SMEpost

Investors say Angel Tax exemption will not benefit several startups

The government’s much-lauded decision to repeal the controversial ‘angel tax’ will not benefit several startups because of the riders attached in the new regulation, industry leaders said.

‘Angel tax’, or tax on investments in startups, was considered regressive by all quarters and seen as one of the prime reasons for exodus of startups and intellectual property from the country.

Leaders in the startup ecosystem say it will continue to hound many firms because, as per the new norms, only firms classified as startups under the new government regulations will be eligible for the tax exemption or other taxation-related benefits.

Startups would need to get a certificate from the Inter-ministerial Board of Certification to get the ‘startup’ stamp, thereby fulfilling criteria such as not more than five-year old company, turnover not exceeding Rs 25 crore, working towards innovation and commercialisation of new products or services, and driven by technology or intellectual property.

There aren’t many startups that have gone for this certification yet.

Also, the new regulation will not apply to retrospective investments and they will still be questioned by tax authorities.

Saurabh Srivastava, Co-Founder of Indian Angel Network, which has been holding discussions with the government, is not too happy about the new policy.

“It will definitely have a positive impact but it is not a complete but a partial solution,” he said. “For all angel investments that were made in the last few years ever since the Section 56 came into being, the startups and angel investors are today being harassed by income-tax authorities which have opened up their investment records. This is not a good scenario and is upsetting angels,” he said.

Srivastava is still pursuing the government to find a way to certify angel groups so that investments made through them can be exempt from taxation. “This will be the next logical step and would solve 99 per cent of the problem,” he said.

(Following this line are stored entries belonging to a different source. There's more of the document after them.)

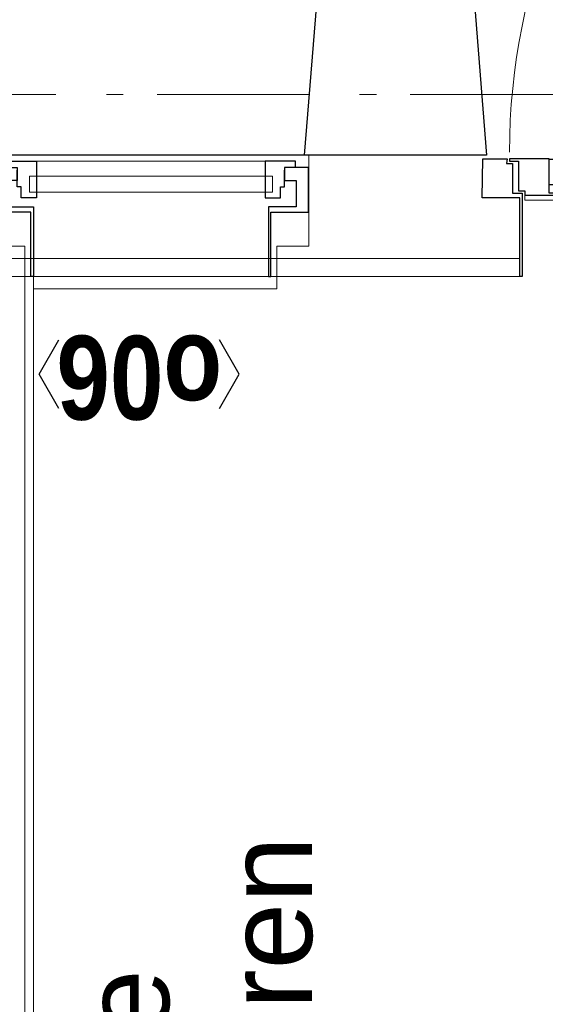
# Model space of a CAD drawing. Header units: millimetres. Extents: x -46954 to 169732, y -26853 to 94136.
# Tile 80 of 174: x -10901 to -10036, y 67563 to 69185. Entities that reach past the tile are written whole.
import ezdxf
from ezdxf.enums import TextEntityAlignment as Align

# ---------------------------------------------------------------- set-up
doc = ezdxf.new("R2010")
doc.units = ezdxf.units.MM
doc.header["$LTSCALE"] = 400
doc.linetypes.add('STYLE_06', pattern=[1.041641, 0.625, -0.208282, 0.069427, -0.138931])
for name, color, linetype, lineweight in [('Binnenkozijnen', 140, 'Continuous', 15), ('Buitenkozijnen', 140, 'Continuous', 15), ('Kozijnmerken', 43, 'Continuous', 9), ('mat-beton (ihwg)', 5, 'Continuous', 25), ('mat-multiplex-hor', 140, 'Continuous', 15), ('mat-naaldhout', 140, 'Continuous', 15), ('None', 7, 'Continuous', 9), ('Tekst', 140, 'Continuous', 15)]:
    doc.layers.add(name, color=color, linetype=linetype, lineweight=lineweight)
doc.styles.add('Arial', font='arial.ttf', dxfattribs={"height": 176.388889})
doc.styles.add('Arial Narrow', font='ARIALN.TTF', dxfattribs={"height": 222.25})
doc.styles.add('Arial Narrow (bold)', font='ARIALNB.TTF', dxfattribs={"height": 172.861111})

# ---------------------------------------------------------------- blocks, each defined once
blk = doc.blocks.new('Kozijnmerk 50')
at = {"layer": 'Kozijnmerken', "color": 92, "linetype": 'Continuous', "lineweight": 25}
for points in [[(-132.2, 50.6), (-164.8, -5.8), (-132.2, -62.1)], [(132.2, 50.6), (164.8, -5.8), (132.2, -62.1)]]:
    blk.add_lwpolyline(points, dxfattribs=at)
at = {"layer": 'None', "color": 43, "style": 'Arial Narrow (bold)'}
blk.add_attdef('merk', text='', height=138.3, dxfattribs=at).set_placement((0, 0), align=Align.MIDDLE_CENTER)
blk = doc.blocks.new('*U1129')
at = {"layer": 'Buitenkozijnen', "color": 92, "linetype": 'Continuous', "lineweight": 25}
for p, q in [((37691.1, 6900), (37441.1, 6880)), ((37691.1, 6355), (37441.1, 6375))]:
    blk.add_line(p, q, dxfattribs=at)
at = {"layer": 'Buitenkozijnen', "color": 43, "linetype": 'Continuous', "lineweight": 9}
blk.add_lwpolyline([(37291.1, 6367.5), (37291.1, 6420), (37241.1, 6420), (37241.1, 6835), (37291.1, 6835), (37291.1, 6887.5), (37441.1, 6887.5), (37441.1, 6880), (37691.1, 6900), (37691.1, 6355), (37441.1, 6375), (37441.1, 6367.5)], close=True, dxfattribs=at)
at = {"layer": 'None', "color": 8, "linetype": 'Continuous', "lineweight": 5}
blk.add_line((37431.1, 6815.8), (37431.1, 6439.3), dxfattribs=at)
at = {"layer": 'None', "color": 92, "linetype": 'Continuous', "lineweight": 25}
for points in [[(37421.1, 6886.8), (37421.1, 6847.8), (37399.4, 6847.8), (37399.4, 6866.8), (37356.1, 6866.8), (37356.1, 6821), (37241.1, 6821), (37241.1, 6825), (37347.1, 6825), (37347.1, 6886.8), (37366.1, 6886.8), (37366.1, 6886.8)], [(37421.1, 6368.3), (37421.1, 6407.3), (37399.4, 6407.3), (37399.4, 6388.3), (37356.1, 6388.3), (37356.1, 6434), (37241.1, 6434), (37241.1, 6430), (37347.1, 6430), (37347.1, 6368.3), (37366.1, 6368.3), (37366.1, 6368.3)]]:
    blk.add_lwpolyline(points, close=True, dxfattribs=at)
for points in [[(37421.1, 6865.8), (37431.1, 6865.8), (37431.1, 6815.8), (37371.1, 6815.8), (37371.1, 6840.9), (37389.2, 6840.9), (37389.2, 6847.8), (37416.4, 6847.8)], [(37421.1, 6389.3), (37431.1, 6389.3), (37431.1, 6439.3), (37371.1, 6439.3), (37371.1, 6414.1), (37389.2, 6414.1), (37389.2, 6407.3), (37416.4, 6407.3)]]:
    blk.add_lwpolyline(points, dxfattribs=at)
at = {"layer": 'None', "color": 140, "linetype": 'Continuous', "lineweight": 15}
blk.add_lwpolyline([(37406.9, 6827.5), (37406.9, 6427.5), (37380.5, 6427.5), (37380.5, 6827.5)], close=True, dxfattribs=at)
blk = doc.blocks.new('*U1130')
at = {"layer": 'Binnenkozijnen', "color": 92, "linetype": 'Continuous', "lineweight": 25}
for points in [[(37434.6, 5972.1), (37435.1, 5972.1), (37435.1, 6037), (37431.4, 6037), (37431.4, 6022.1), (37382.6, 6022.1), (37382.6, 6012.1), (37375.1, 6012.1), (37375.1, 5952.1), (37378.6, 5952.1), (37378.6, 5972.1), (37392.6, 5972.1)], [(37434.6, 5078), (37435.1, 5078), (37435.1, 5013), (37431.4, 5013), (37431.4, 5028), (37382.6, 5028), (37382.6, 5038), (37375.1, 5038), (37375.1, 5098), (37378.6, 5098), (37378.6, 5078), (37392.6, 5078)]]:
    blk.add_lwpolyline(points, dxfattribs=at)
for points in [[(37392.6, 5972.1), (37434.6, 5972.1), (37434.6, 5952.1), (37392.6, 5952.1)], [(37392.6, 5098), (37434.6, 5098), (37434.6, 5078), (37392.6, 5078)]]:
    blk.add_lwpolyline(points, close=True, dxfattribs=at)
at = {"layer": 'None', "color": 8, "linetype": 'Continuous', "lineweight": 5}
blk.add_line((37434.6, 5952.1), (37434.6, 5098), dxfattribs=at)
at = {"layer": 'None', "color": 43, "linetype": 'Continuous', "lineweight": 9}
blk.add_line((37434.6, 5010.6), (38493.8, 5015.9), dxfattribs=at)
at = {"layer": 'None', "color": 92, "linetype": 'Continuous', "lineweight": 25}
for points in [[(37435.1, 6081.1), (37435.1, 6041.1), (37427.6, 6042.1), (37427.6, 6032.1), (37378.6, 6032.1), (37378.6, 6016.1), (37241.1, 6016.1), (37241.1, 6020.1), (37371.1, 6020.1), (37371.1, 6066.1), (37371.1, 6066.1), (37371.1, 6082.1)], [(37435.1, 4969), (37435.1, 5009), (37427.6, 5008), (37427.6, 5018), (37378.6, 5018), (37378.6, 5034), (37241.1, 5034), (37241.1, 5030), (37371.1, 5030), (37371.1, 4984), (37371.1, 4984), (37371.1, 4968)]]:
    blk.add_lwpolyline(points, close=True, dxfattribs=at)
at = {"layer": 'None', "color": 140, "linetype": 'Continuous', "lineweight": 15}
blk.add_lwpolyline([(37388.1, 5094.7), (37388.1, 5952.9), (37375.1, 5952.9), (37375.1, 6012.1), (37367.1, 6012.1), (37367.1, 5038), (37375.1, 5038), (37375.1, 5094.7)], close=True, dxfattribs=at)
at = {"layer": 'None', "color": 43, "linetype": 'Continuous', "lineweight": 9}
blk.add_arc((37446.1, 4989), 1048.1, 1.4703, 90, dxfattribs=at)
blk = doc.blocks.new('*U1131')
at = {"layer": 'mat-naaldhout', "color": 92, "lineweight": 25}
blk.add_line((37691.1, 6095), (37441.1, 6075), dxfattribs=at)
at = {"layer": 'Binnenkozijnen', "color": 7}
blk.add_blockref('*U1129', (0, 0), dxfattribs=at)
at = {"layer": 'None', "color": 7}
blk.add_blockref('*U1130', (0, 0), dxfattribs=at)
blk = doc.blocks.new('*U1435')
at = {"layer": 'None', "color": 43, "linetype": 'Continuous', "lineweight": 9}
blk.add_line((34111.1, 6835), (37241.1, 6835), dxfattribs=at)
at = {"layer": 'None', "color": 8, "linetype": 'Continuous', "lineweight": 5}
blk.add_line((34111.1, 6820), (37241.1, 6821), dxfattribs=at)

msp = doc.modelspace()

# ---------------------------------------------------------------- linework, layer by layer
at = {"layer": 'mat-beton (ihwg)', "lineweight": 25}
msp.add_line((-10132.73323, 68961.61338), (-44957.73324, 68961.61338), dxfattribs=at)
at = {"layer": 'mat-multiplex-hor', "lineweight": 15}
for p, q in [((-10077.77578, 68791.57289), (-12307.73324, 68791.57289)), ((-10077.77578, 68791.57289), (-10077.77578, 68761.57289)), ((-10077.77578, 68761.57289), (-12307.73324, 68761.57289))]:
    msp.add_line(p, q, dxfattribs=at)
at = {"layer": 'None', "color": 43, "linetype": 'STYLE_06', "lineweight": 9}
msp.add_line((-46507.5204, 69061.57274), (-5307.57324, 69061.57274), dxfattribs=at)
at = {"layer": 'None', "color": 8, "linetype": 'Continuous', "lineweight": 5}
for p, q in [((-10878.72172, 68761.57289), (-10477.78223, 68761.57289)), ((-10878.72172, 68741.57289), (-10878.72172, 68761.57289)), ((-10477.78223, 68741.57289), (-10477.78223, 68761.57289)), ((-10878.72172, 68741.57289), (-10477.78223, 68741.57289))]:
    msp.add_line(p, q, dxfattribs=at)

# ---------------------------------------------------------------- block references
at = {"layer": 'Kozijnmerken', "color": 7, "rotation": 180}
msp.add_blockref('Kozijnmerk 50', (-10704.49919, 68595.16333), dxfattribs=at).add_auto_attribs({'merk': 'o06'})
at = {"layer": 'None', "color": 7, "rotation": 90}
for name in ['*U1131', '*U1435']:
    msp.add_blockref(name, (-4057.73324, 31520.51338), dxfattribs=at)

# ---------------------------------------------------------------- texts
at = {"layer": 'Tekst', "color": 43, "insert": (-10796.34872, 66064.03436), "char_height": 141.1111111, "attachment_point": 1, "rotation": 90, "style": 'Arial'}
msp.add_mtext('glazen balustrade\\Pin 3 platen uitvoeren', dxfattribs=at)
at = {"layer": 'Tekst', "color": 92, "insert": (-10275.87212, 66878.35052), "char_height": 197.555556, "attachment_point": 1, "rotation": 90, "style": 'Arial Narrow'}
msp.add_mtext('7125+', dxfattribs=at)

doc.saveas('drawing.dxf')

Until now, as per the regulation that came up last year, market regulator Securities and Exchange Board of India (SEBI) has created a new category for ‘angel funds’, which angel groups could be converted to, and investments made from such funds would not be taxed.

Many angel investors feel the new measure should have been applicable retrospectively.

“I am very, very relieved, though not thankful since correcting something that was fundamentally wrong should not be celebrated,” said Anupam Mittal, CEO of Shaadi.com, who is an angel investor with investment in companies such as Ola. “Also, since this step is necessarily a correction, so it should have been applicable retrospectively as well for investments that were made after the rule came into effect,” he said.

Mittal also said riders such as the rule being applied only to government-approved startups will lead to red tape and bureaucratic layers in the process of angel investments.

Under the so-called ‘angel tax’, introduced in the Finance Act 2012, capital raised by an unlisted company from any individual against an issue of shares in excess of fair market value would be taxable as ‘income from other sources’ under Sec 56 (2) of the I-T Act.

It meant that startups were liable to pay up to 33 per cent tax on any investments received. Data suggests that while venture funding this year has significantly slowed, angel funding has been on a rise. Despite of all regressive taxation schemes, angel investments have not slowed down partly because, according to industry insiders, when the regulation came in everybody thought it was irrational and would go away soon.